Some municipalities are looking for creative ways to raise  new money like selling or leasing municipal assets (e.g. parking lots, zoos and other facilities).  While this may offer temporary relief, it won't fill the gap in the long term.  Why don't these communities raise the taxes they need to pay their bills?  Because no politician wants to vote for higher taxes in a down economy (or any time, really).  And, if given a chance to vote, citizens will rarely choose to raise their taxes, especially when unemployment is high and job security is low.

So, what's the answer?   I suggest it's NOT declaring bankruptcy.  Once the court takes over, the judge will just liquidate assets and cut back everything and anything.  The court is not empowered to raise taxes. It might liquidate outstanding bonds at a few cents on the dollar, but I wouldn't want to be that community going forward when it has no credibility left in the bond market.
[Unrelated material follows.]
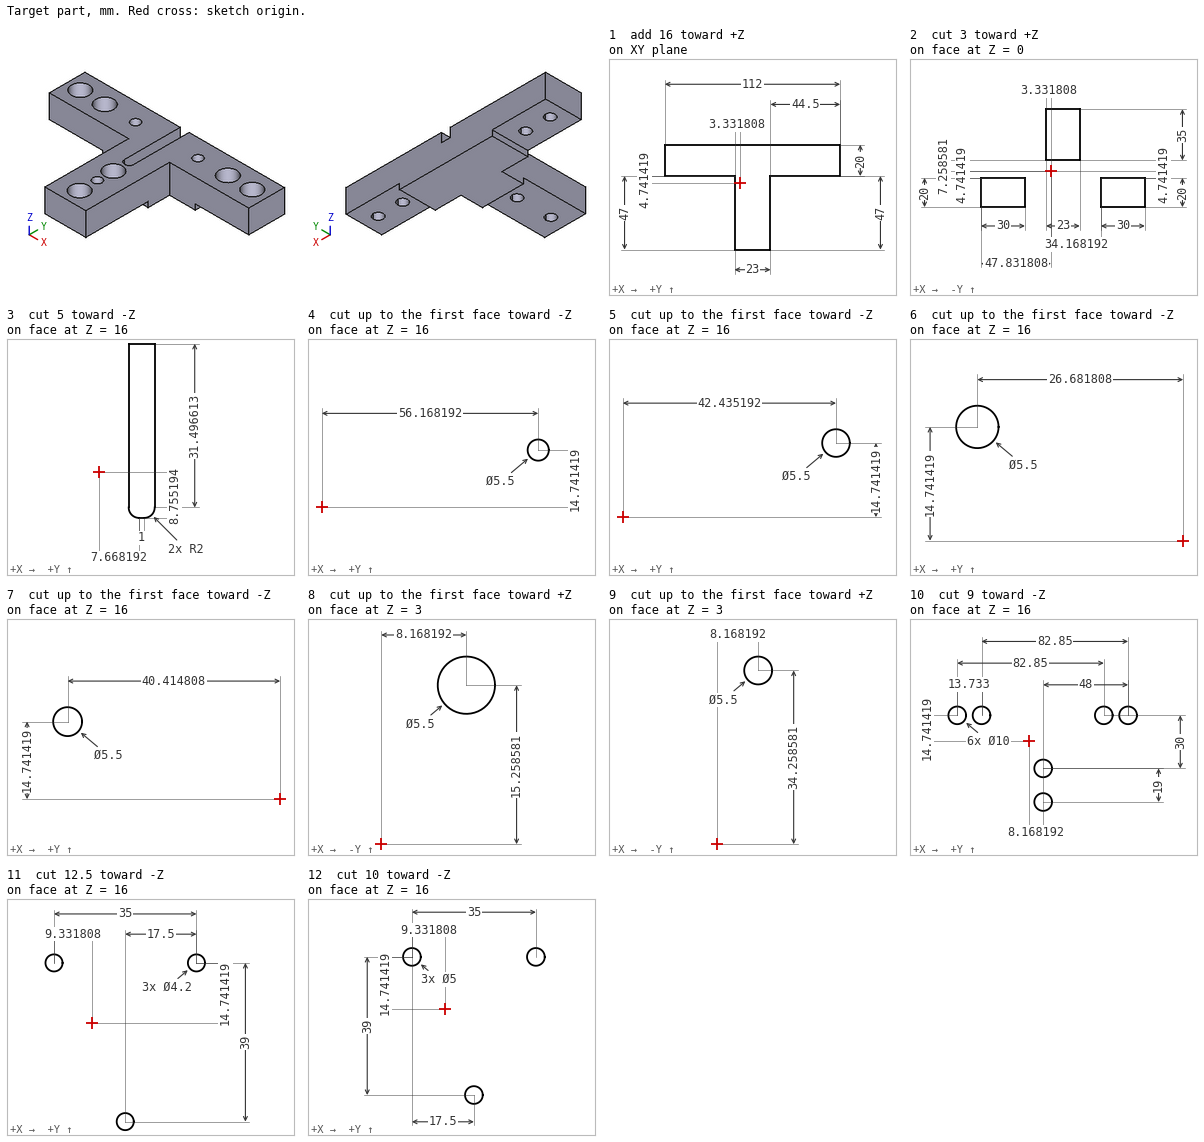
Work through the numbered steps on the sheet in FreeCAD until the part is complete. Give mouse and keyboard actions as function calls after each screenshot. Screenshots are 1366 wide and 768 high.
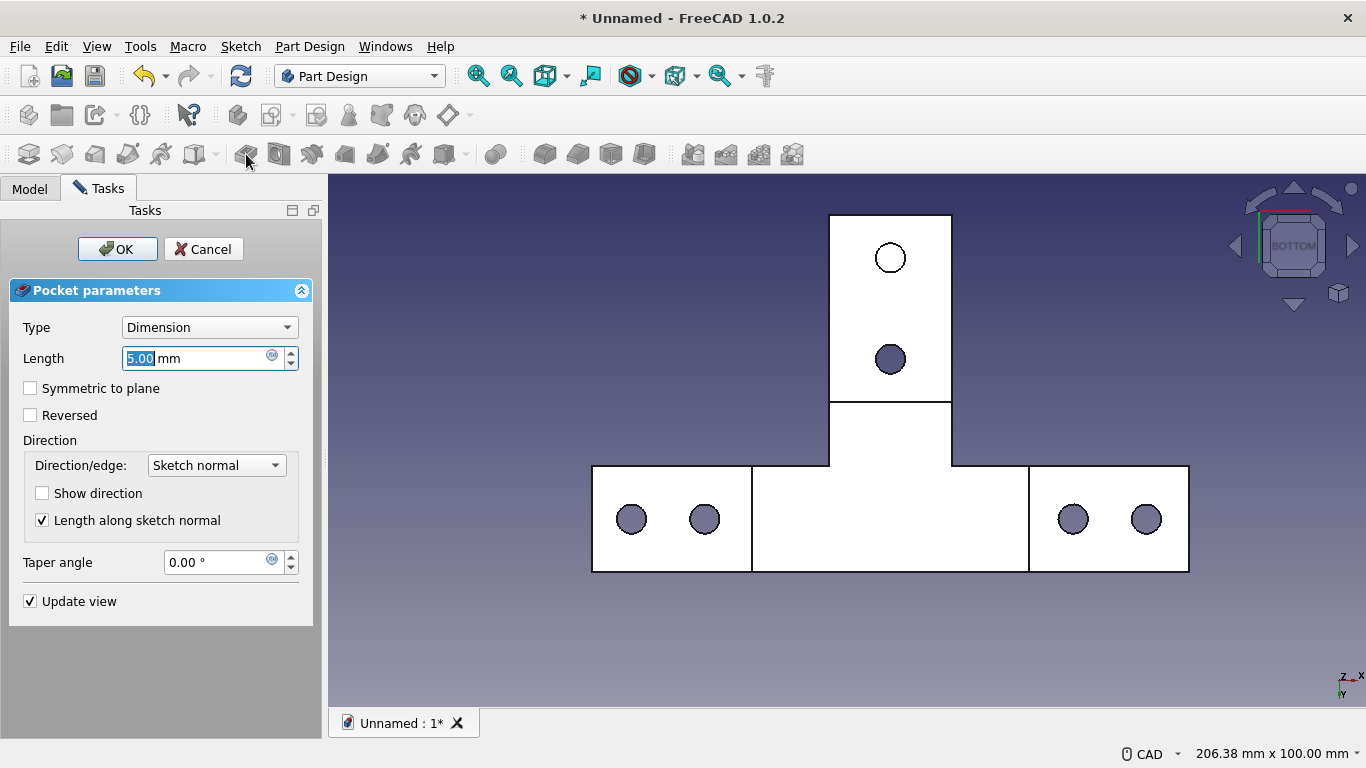
click(210, 328)

And, while the court might not be able to reduce past pension obligations (because they are protected by state law), it can certainly refuse to offer future pension benefits to new public employees.  Of course, whether police, firemen, teachers or others would ever want to work in such a place in the future is not clear. And, slashing expenditures in this way can create a death spiral.  Massive cutbacks in services reduce property values almost immediately.  A loss in property value reduces property tax revenue going forward. And, the downward spiral continues.  So, cities that think they can easily handle insolvency by declaring bankruptcy better think again.

What's the alternative?  In some states, like Massachusetts, the governor can step in and appoint a receiver to take over the management of the city.  While this doesn't solve the underlying problems, it does put someone in charge who isn't worried about getting re-elected or satisfying various constituencies. Of course, from a resident's perspective, who wants some non-accountable bureaucrat making decisions about what services and expenditures will be cut and which will be saved?  It would be better if local leaders organized an ad hoc municipal management task force and asked this group to make a last ditch effort (once the red flags about forthcoming insolvency have been raised) to come up with a cut-back plan that citizens can get behind.  The four key ingredients are:  a professional mediator to help identify the relevant stakeholders and manage the problem-solving conversation in a non-partisan way way; a joint fact-finding process that gives a large stakeholder panel access to a range of technical advisors; a transparent and accountable process that invites citizens, employers and public agencies to follow what's happening on-line every step of the way; and a binding referendum on a negotiated package that will give political legitimacy to whatever informed agreement is reached.   Mediation of this sort should be paid for by the municipality. It will cost a lot less than the legal fees involved in litigating a case into  bankruptcy court.  If such a group fails to reach agreement within a reasonable time, all the usual legal maneuvering will then begin.

The "ugly truth" I learned from my participation in this panel, is that bankruptcy is the worst possible solution to municipal insolvency. On the other hand, the threat that the court will declare a city bankrupt may serve to motivate the search for a negotiated solution. Cities and towns in financial trouble need to take action before they go over the precipice. Very few elected officials will address forthcoming insolvency problems in a useful way unless they are pushed by the electorate to do that.  Most residents and business owners will, right up until the end, lobby for what they think will help them, rather than for what will be in the community's long-term best interests.  So, it will take concerted leadership by non-elected interests to initiate the mediation of impending municipal bankruptcy.  Get with it citizens, you know what you have to do.